Phacelia (Phacelia tanacetifolia): Later sowings of this annual crop may overwinter in mild areas. Sow from April to August and dig in after two or three months; its flowers attract pollinators.

Buckwheat (Fagopyrum esculentum): This half hardy annual will only grow in spring and summer best sown from April to August. Leave it for two or three months after sowing; grows well on nutrient-poor soils.

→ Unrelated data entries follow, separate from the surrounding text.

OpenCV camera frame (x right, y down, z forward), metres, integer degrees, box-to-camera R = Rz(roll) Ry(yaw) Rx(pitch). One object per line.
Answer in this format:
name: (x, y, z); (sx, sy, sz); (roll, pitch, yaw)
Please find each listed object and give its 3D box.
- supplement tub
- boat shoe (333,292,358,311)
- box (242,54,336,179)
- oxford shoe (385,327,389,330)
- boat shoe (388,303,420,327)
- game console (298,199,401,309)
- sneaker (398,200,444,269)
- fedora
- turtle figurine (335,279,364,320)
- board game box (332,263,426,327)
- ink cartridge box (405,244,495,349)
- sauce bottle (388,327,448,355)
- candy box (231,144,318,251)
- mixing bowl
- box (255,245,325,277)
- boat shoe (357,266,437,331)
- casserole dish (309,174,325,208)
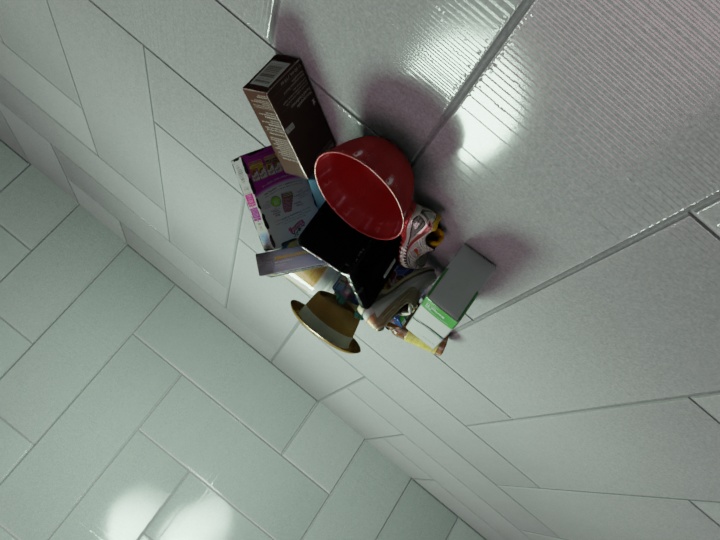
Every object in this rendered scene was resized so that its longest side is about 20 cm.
supplement tub: (-0.132, -0.031, 1.528); (0.198, 0.147, 0.144); (35, 159, -13)
boat shoe: (0.027, 0.067, 1.496); (0.195, 0.073, 0.065); (9, 138, -20)
box: (-0.128, -0.282, 1.127); (0.074, 0.101, 0.202); (21, 152, 34)
oxford shoe: (0.022, 0.075, 1.600); (0.199, 0.073, 0.071); (38, 158, 2)
boat shoe: (0.099, 0.104, 1.461); (0.196, 0.072, 0.070); (15, -179, -19)
game console: (-0.005, -0.059, 1.212); (0.114, 0.202, 0.177); (15, 147, 34)
sneaker: (0.122, -0.056, 1.201); (0.081, 0.079, 0.201); (20, 158, 15)
fedora: (-0.066, 0.107, 1.388); (0.199, 0.083, 0.201); (36, -172, -5)
turtle figurine: (0.000, 0.000, 1.293); (0.150, 0.099, 0.203); (54, 146, 42)
board game box: (0.048, 0.032, 1.398); (0.197, 0.136, 0.035); (24, 158, 32)
ink cartridge box: (0.179, 0.059, 1.237); (0.082, 0.147, 0.201); (36, 157, 7)
sauce bottle: (0.128, 0.152, 1.550); (0.196, 0.067, 0.066); (24, 157, 0)
candy box: (-0.175, -0.162, 1.289); (0.061, 0.135, 0.204); (-3, 109, 57)
mixing bowl: (0.024, -0.167, 1.094); (0.198, 0.109, 0.202); (32, 155, 17)
box: (-0.143, -0.024, 1.349); (0.200, 0.154, 0.050); (129, 131, -88)
boat shoe: (0.089, 0.062, 1.269); (0.069, 0.197, 0.075); (53, 156, 18)
casserole dish: (-0.095, -0.167, 1.373); (0.122, 0.039, 0.198); (49, 155, -23)
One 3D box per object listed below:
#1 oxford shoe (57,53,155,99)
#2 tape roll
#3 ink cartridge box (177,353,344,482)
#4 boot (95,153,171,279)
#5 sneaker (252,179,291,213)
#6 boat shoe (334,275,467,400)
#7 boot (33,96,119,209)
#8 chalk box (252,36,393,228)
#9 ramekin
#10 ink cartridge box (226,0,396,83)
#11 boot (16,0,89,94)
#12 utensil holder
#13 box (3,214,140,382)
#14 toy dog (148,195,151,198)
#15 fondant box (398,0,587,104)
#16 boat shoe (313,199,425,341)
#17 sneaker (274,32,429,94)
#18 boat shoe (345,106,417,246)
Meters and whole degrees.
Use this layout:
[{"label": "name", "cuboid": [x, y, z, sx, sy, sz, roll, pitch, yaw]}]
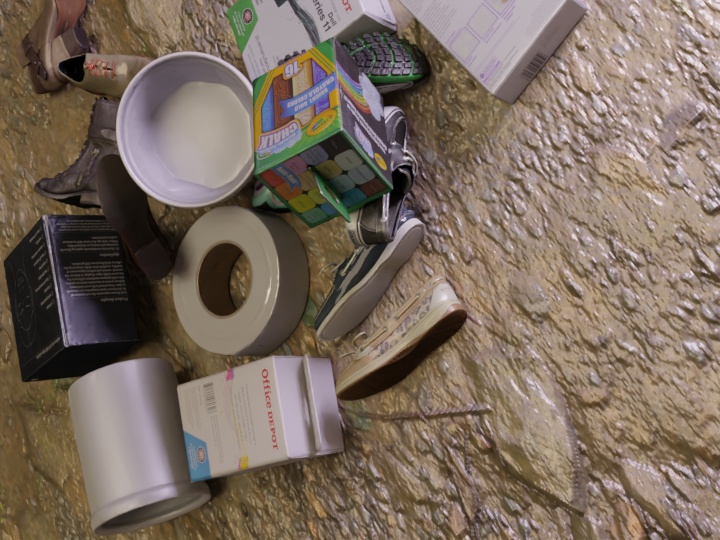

Bristle oats (Avena strigosa): This is a fast-growing fast half-hardy annual is a good non-brassica alternative to mustard. Sow from April to September and dig in after a couple of months.

Fenugreek (Trigonella foenum-graecum): This annual legume will only grow in the spring and summer; it is unlikely to fix nitrogen in the UK.

Bitter blue lupin (Lupinus angustifolius): This perennial flowering legume suits light, sandy, acid soils; sow in March to June and leave for two or three months before digging in.

Problems

A dense carpet of green makes a perfect environment for slugs and snails, so you may need to use control measures after green manuring.

Decaying green manures can suppress plant growth, so allow a month between incorporation and planting or sowing.

Club root can be a problem with green manures in the cabbage family such as mustard.